*RECORDED INFORMATION*:
..............................
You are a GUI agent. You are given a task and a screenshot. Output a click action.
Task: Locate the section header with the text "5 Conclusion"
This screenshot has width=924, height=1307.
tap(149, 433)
..............................
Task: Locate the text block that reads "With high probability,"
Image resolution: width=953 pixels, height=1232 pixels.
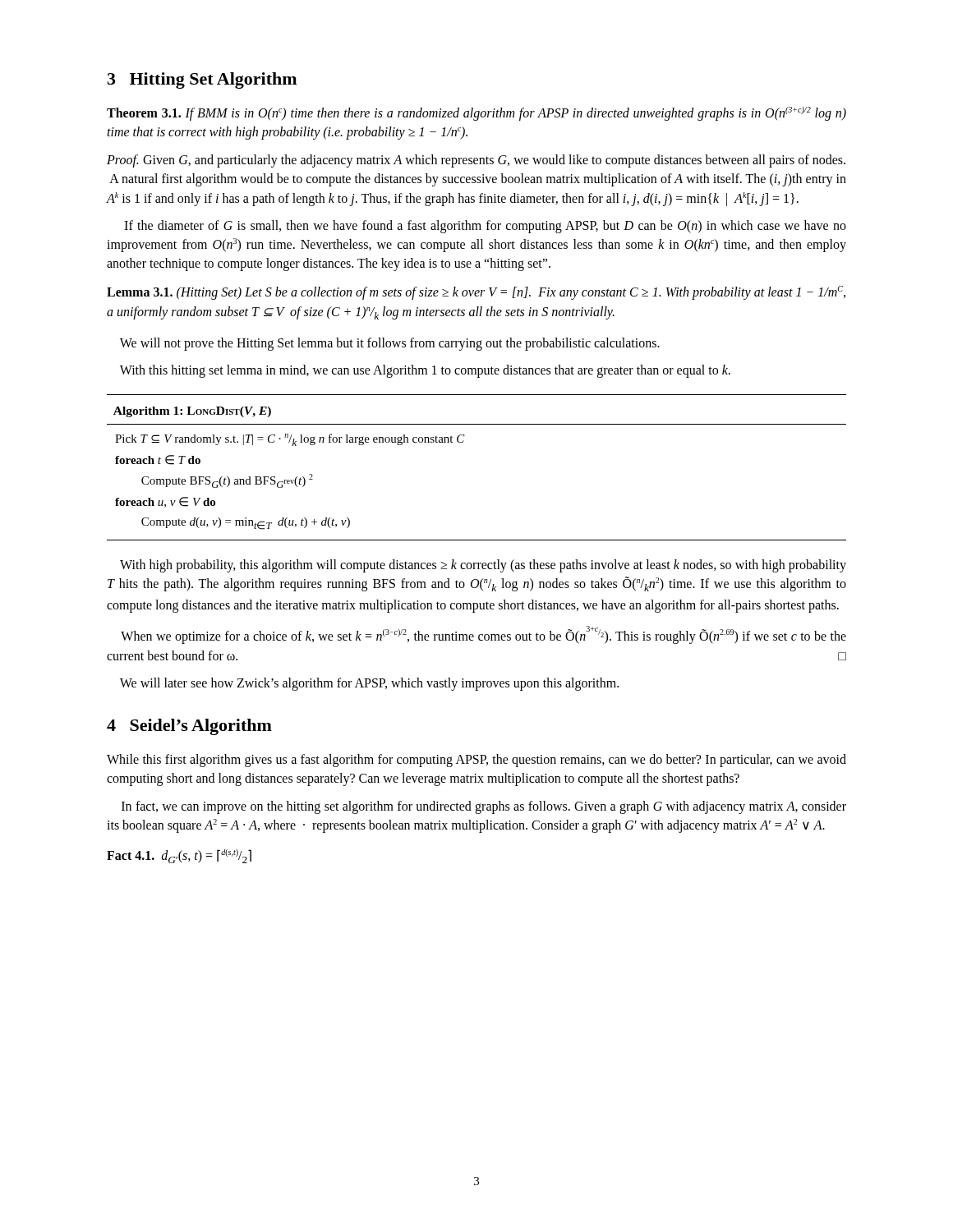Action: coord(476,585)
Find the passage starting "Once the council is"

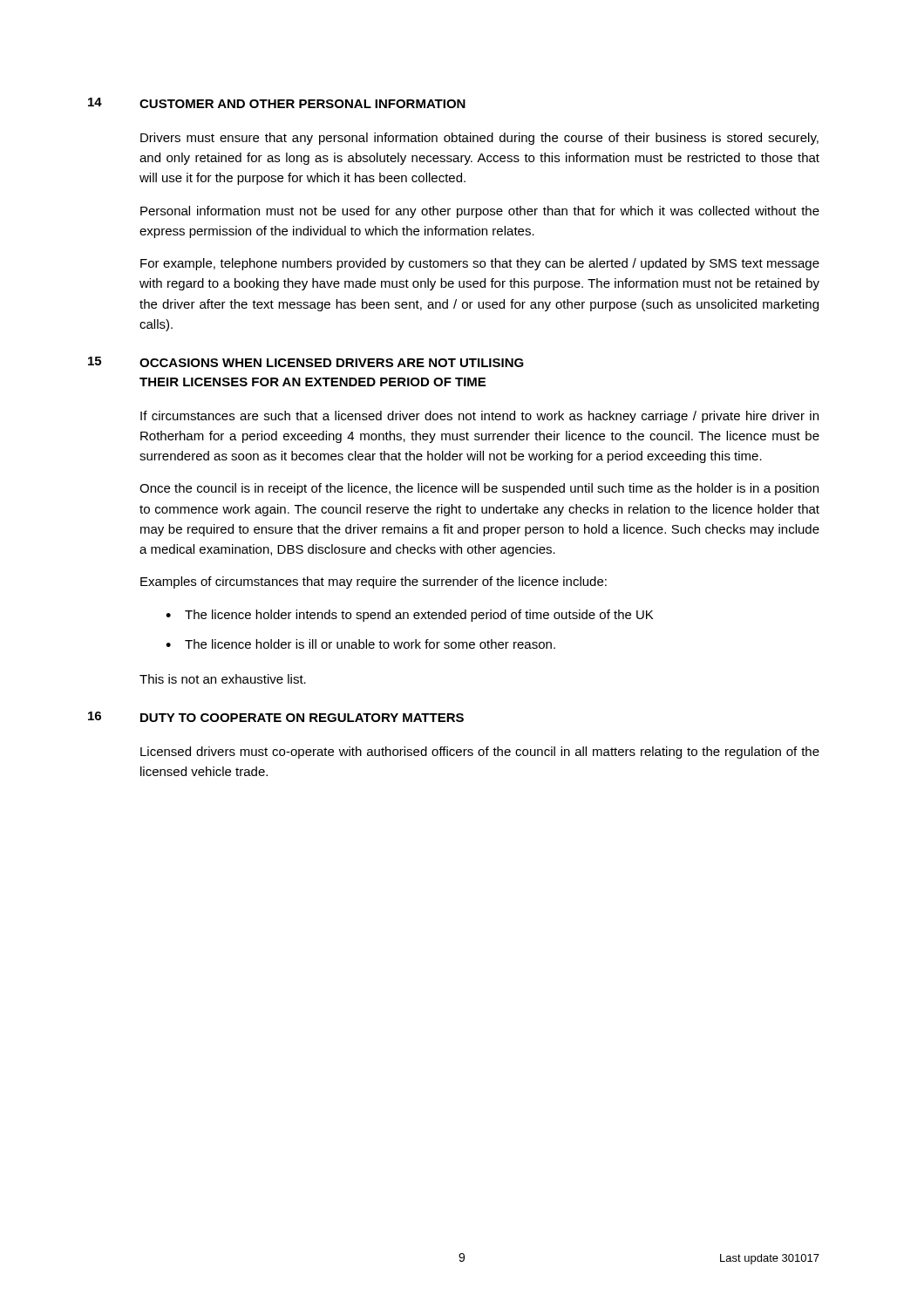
..............................
*WORK INSTRUCTIONS*: Please go line by line through the records above, copying each one that holds the string "Locate".

*TASK SOLUTION*:
Task: Locate the section header with the text "5 Conclusion"
Task: Locate the text block that reads "With high probability,"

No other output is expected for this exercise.